2. Introduction

2.1 Capstone Partner’s Needs

APIs have been present for decades and are set to grow exponentially, in part due to regulations (in public health or finance) or by industry interoperability (in telecommunications) or disruption (in media or retail) 2. As a cybersecurity company focused on API management at a global scale, TeejLab aims to tackle this key industry challenge of quantifying business risk at the API level. A manual inspection or a rules-based approach is insufficient to accurately capture various aspects of risk, such as security, legal, similarity, and data sovereignty.

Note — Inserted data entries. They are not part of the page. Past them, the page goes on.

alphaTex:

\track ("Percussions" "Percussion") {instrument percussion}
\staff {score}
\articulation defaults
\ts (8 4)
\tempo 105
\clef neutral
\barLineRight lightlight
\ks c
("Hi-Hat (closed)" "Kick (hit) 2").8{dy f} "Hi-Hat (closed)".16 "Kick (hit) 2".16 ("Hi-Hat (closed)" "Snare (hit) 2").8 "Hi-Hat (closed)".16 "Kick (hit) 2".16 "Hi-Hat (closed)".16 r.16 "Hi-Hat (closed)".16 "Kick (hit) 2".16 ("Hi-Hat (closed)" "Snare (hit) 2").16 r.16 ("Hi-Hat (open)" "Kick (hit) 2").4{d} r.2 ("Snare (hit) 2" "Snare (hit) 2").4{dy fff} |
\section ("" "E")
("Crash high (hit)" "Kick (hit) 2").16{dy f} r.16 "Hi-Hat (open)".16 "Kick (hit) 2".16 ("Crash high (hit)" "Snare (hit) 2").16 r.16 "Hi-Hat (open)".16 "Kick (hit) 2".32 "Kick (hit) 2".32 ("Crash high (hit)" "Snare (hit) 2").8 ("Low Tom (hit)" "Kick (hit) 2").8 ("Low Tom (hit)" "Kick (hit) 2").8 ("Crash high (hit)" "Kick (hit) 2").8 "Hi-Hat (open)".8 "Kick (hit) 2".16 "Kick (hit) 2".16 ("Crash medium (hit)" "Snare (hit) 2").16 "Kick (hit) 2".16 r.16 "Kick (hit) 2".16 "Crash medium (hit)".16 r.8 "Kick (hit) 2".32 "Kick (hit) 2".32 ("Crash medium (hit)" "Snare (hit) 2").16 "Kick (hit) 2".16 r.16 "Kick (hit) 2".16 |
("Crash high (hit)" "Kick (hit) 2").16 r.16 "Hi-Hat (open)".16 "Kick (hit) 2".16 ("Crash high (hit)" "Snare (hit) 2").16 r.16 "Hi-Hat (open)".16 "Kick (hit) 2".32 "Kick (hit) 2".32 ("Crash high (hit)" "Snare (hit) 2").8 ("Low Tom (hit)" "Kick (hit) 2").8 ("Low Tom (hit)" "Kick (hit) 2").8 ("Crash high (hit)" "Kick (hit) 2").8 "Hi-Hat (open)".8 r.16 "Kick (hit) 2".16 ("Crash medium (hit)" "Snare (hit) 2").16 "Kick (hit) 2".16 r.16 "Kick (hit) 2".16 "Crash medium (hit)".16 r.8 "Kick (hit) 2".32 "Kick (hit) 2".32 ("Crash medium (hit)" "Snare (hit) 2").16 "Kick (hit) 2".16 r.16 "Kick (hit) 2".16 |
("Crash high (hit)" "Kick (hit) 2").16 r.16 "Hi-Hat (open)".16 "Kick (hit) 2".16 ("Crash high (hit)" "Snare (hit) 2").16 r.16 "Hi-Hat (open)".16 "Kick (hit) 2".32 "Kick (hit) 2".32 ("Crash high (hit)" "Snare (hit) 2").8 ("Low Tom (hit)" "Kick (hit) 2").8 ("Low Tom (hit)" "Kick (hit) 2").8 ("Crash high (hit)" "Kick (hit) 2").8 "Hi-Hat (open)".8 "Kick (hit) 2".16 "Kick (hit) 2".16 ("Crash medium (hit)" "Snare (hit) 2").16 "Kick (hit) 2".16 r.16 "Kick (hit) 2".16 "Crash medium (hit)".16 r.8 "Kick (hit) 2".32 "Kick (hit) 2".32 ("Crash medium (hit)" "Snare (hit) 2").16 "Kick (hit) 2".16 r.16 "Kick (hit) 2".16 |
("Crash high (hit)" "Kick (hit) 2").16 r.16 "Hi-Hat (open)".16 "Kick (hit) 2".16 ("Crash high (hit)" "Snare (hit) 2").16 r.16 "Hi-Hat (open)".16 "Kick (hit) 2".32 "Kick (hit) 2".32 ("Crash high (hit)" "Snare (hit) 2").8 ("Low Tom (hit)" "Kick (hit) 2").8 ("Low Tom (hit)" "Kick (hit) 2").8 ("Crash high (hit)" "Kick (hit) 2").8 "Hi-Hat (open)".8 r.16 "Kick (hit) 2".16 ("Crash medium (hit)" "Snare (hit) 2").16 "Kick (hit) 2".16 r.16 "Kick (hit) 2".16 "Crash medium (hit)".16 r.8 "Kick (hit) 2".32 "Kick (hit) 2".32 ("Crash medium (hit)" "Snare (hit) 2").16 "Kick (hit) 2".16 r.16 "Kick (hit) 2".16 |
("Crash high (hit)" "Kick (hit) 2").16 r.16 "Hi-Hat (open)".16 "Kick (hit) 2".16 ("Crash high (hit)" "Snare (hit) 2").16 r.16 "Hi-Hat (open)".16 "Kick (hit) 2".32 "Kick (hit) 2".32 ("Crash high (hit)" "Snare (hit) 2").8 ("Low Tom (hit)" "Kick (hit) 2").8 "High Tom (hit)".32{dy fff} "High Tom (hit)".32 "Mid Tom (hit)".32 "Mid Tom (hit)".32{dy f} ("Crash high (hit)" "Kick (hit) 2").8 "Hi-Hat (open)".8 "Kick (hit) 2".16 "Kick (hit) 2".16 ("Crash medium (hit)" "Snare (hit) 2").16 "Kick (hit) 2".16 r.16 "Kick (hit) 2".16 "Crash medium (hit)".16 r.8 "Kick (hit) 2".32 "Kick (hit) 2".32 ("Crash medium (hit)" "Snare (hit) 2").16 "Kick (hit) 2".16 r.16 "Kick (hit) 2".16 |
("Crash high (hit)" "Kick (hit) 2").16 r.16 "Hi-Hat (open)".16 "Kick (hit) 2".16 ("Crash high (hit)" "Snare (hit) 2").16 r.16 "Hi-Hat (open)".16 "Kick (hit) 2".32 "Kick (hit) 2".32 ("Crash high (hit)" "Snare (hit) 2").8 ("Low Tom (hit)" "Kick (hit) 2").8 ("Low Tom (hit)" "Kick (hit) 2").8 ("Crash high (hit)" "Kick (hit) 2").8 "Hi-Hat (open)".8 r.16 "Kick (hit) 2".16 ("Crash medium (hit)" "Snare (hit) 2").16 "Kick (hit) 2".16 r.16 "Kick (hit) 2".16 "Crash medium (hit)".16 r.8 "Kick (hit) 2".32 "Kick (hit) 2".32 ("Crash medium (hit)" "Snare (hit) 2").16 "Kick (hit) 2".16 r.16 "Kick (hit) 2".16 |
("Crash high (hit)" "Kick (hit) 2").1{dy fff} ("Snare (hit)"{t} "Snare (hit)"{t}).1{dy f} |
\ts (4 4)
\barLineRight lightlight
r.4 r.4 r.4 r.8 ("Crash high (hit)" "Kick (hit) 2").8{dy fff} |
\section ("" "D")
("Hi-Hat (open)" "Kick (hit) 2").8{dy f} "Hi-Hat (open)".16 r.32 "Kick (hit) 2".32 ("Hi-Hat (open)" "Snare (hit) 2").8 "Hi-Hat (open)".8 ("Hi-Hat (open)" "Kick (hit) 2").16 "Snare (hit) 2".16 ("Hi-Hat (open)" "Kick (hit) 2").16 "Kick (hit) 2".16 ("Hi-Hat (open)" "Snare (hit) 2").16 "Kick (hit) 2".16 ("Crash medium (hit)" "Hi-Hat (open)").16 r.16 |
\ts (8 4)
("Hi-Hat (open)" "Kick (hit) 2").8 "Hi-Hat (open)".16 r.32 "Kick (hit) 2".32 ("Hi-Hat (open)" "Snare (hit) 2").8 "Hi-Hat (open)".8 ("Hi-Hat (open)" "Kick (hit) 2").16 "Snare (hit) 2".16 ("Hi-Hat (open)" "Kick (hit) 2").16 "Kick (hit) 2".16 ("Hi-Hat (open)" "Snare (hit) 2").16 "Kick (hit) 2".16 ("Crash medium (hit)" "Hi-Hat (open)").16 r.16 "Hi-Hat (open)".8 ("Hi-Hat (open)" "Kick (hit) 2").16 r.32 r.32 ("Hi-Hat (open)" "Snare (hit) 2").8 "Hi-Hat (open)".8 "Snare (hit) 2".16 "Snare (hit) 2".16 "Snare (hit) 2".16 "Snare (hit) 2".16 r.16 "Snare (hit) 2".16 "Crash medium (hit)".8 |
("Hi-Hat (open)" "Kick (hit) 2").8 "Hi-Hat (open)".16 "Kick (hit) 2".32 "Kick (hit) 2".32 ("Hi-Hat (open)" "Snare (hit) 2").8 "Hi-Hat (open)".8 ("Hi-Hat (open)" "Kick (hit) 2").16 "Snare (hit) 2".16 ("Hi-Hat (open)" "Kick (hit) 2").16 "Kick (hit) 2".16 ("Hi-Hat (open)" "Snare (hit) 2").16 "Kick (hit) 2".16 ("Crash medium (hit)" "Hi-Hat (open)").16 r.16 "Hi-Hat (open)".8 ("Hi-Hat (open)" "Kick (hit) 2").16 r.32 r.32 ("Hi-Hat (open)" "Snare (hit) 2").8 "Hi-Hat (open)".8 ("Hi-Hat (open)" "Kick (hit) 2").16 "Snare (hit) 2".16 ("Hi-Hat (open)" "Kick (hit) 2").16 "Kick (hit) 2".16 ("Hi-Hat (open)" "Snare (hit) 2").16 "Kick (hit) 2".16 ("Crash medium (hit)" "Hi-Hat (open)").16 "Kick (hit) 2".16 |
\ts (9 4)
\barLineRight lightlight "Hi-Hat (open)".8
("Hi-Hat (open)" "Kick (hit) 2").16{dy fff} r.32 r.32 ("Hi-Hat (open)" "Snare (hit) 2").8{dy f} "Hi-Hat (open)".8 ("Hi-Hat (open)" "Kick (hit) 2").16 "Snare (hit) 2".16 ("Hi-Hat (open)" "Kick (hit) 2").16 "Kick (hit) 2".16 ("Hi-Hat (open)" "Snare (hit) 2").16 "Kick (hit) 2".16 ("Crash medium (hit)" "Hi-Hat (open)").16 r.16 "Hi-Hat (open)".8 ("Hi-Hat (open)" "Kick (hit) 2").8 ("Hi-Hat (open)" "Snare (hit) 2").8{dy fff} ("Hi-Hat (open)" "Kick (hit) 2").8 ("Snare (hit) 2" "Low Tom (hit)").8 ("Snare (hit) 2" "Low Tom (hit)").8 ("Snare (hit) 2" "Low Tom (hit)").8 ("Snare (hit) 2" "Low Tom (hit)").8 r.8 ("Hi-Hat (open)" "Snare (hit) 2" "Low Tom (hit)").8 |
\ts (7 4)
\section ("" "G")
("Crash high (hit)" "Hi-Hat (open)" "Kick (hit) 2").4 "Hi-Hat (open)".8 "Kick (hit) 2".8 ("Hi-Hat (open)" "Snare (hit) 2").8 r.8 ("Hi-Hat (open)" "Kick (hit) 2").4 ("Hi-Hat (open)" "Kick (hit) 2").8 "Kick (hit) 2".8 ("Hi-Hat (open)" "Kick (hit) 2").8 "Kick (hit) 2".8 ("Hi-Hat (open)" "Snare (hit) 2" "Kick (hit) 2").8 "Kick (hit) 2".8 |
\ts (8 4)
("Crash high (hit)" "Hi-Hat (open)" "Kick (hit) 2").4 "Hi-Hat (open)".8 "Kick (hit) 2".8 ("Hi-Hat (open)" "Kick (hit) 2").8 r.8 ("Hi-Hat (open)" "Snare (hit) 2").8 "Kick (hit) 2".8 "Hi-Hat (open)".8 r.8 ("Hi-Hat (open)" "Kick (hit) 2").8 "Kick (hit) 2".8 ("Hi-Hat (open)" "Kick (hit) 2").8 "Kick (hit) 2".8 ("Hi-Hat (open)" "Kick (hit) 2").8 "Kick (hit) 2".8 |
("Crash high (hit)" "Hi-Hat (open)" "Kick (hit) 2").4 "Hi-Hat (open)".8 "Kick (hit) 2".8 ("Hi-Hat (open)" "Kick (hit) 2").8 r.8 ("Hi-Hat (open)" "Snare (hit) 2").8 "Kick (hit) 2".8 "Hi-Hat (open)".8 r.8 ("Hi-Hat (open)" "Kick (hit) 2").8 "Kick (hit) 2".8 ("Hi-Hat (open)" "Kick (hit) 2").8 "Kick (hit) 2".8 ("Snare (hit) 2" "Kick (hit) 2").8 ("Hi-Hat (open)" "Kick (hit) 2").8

Security refers to how vulnerable the endpoint is to attack, such as the exposure of personal identifiable information (PII) or financial identifiable information (FII), and how stringent the hosting countries’ bylaws are for privacy policy. Legal aspect is related to the level of protection for users for data use and distribution. Similarity refers to how much user data APIs in the same category are requesting, where one that is requesting for too much data is deemed as less secure. Finally, data sovereignty refers to governance of data, which is at risk if they fail certain security tests, such as injection attacks, or if the endpoints are accessible to users.

It is time and labour intensive to inspect every feature and assign a risk label to an API endpoint, let alone quantities of API endpoint in the range of thousands or millions. This process is also static, and would require constant revision to the rules as domain knowledge increases.

2.2 Scope of Project

Based on the dataset provided and time limitation, our team has narrowed the scope to focus on creating a machine learning pipeline to quantify the risk of the endpoints of each API based on security and data sovereignty markers. More specifically, our project aims to create a well-annotated python script for each stage - (1) data pre-processing and feature engineering, and (2) machine learning.